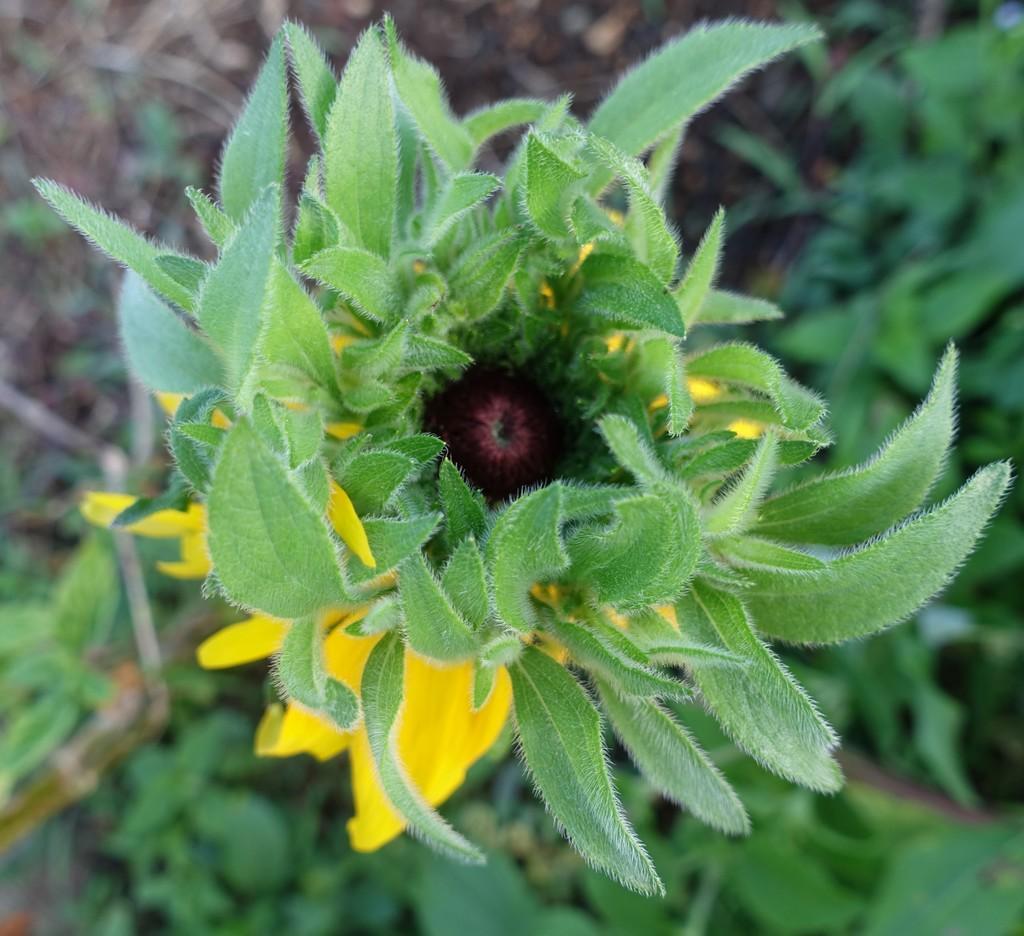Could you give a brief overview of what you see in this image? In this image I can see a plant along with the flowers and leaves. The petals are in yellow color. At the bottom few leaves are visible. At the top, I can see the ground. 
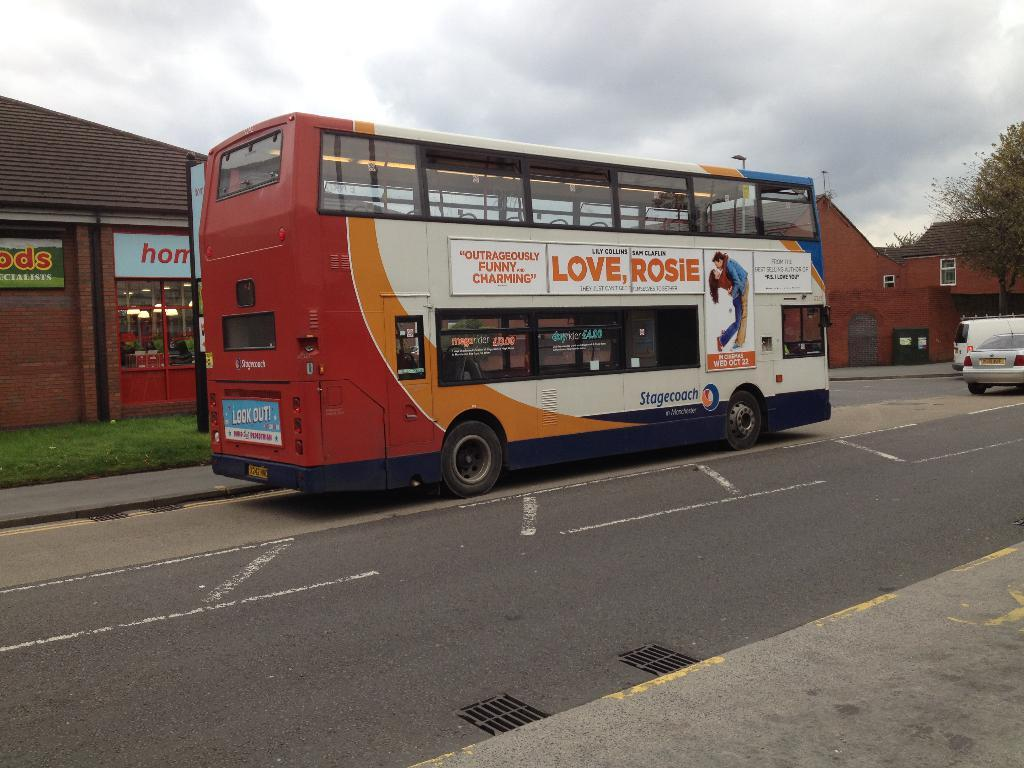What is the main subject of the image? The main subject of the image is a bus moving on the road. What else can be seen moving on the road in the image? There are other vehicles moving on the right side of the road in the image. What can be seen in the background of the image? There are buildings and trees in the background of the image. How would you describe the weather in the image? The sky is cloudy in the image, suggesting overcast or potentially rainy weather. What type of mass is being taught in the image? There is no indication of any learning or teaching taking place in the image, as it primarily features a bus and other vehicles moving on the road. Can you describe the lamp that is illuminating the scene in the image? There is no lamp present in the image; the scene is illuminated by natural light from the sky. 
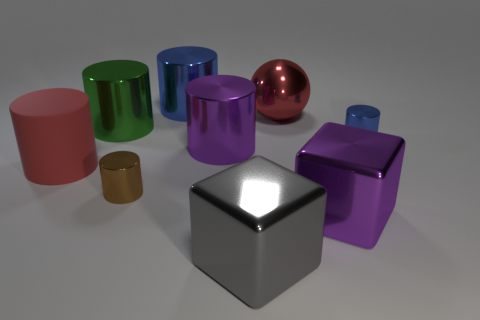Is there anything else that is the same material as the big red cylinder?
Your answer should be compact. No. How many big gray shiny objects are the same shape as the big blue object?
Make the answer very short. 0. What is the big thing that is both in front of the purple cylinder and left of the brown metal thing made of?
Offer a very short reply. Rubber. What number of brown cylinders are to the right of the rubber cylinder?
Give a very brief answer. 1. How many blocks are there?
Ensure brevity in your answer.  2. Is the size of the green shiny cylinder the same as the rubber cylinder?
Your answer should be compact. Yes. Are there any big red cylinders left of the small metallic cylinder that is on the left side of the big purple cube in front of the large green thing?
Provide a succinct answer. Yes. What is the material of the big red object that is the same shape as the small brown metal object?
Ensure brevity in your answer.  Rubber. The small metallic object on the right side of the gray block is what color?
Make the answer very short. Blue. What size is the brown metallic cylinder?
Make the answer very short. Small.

Exercise details: Print only what lies in the material above starting at the line with "Give a very" and ending at the line with "as the rubber cylinder?", every line exactly as given.

Task result:
Give a very brief answer. 1. How many blocks are there?
Ensure brevity in your answer.  2. Is the size of the green shiny cylinder the same as the rubber cylinder?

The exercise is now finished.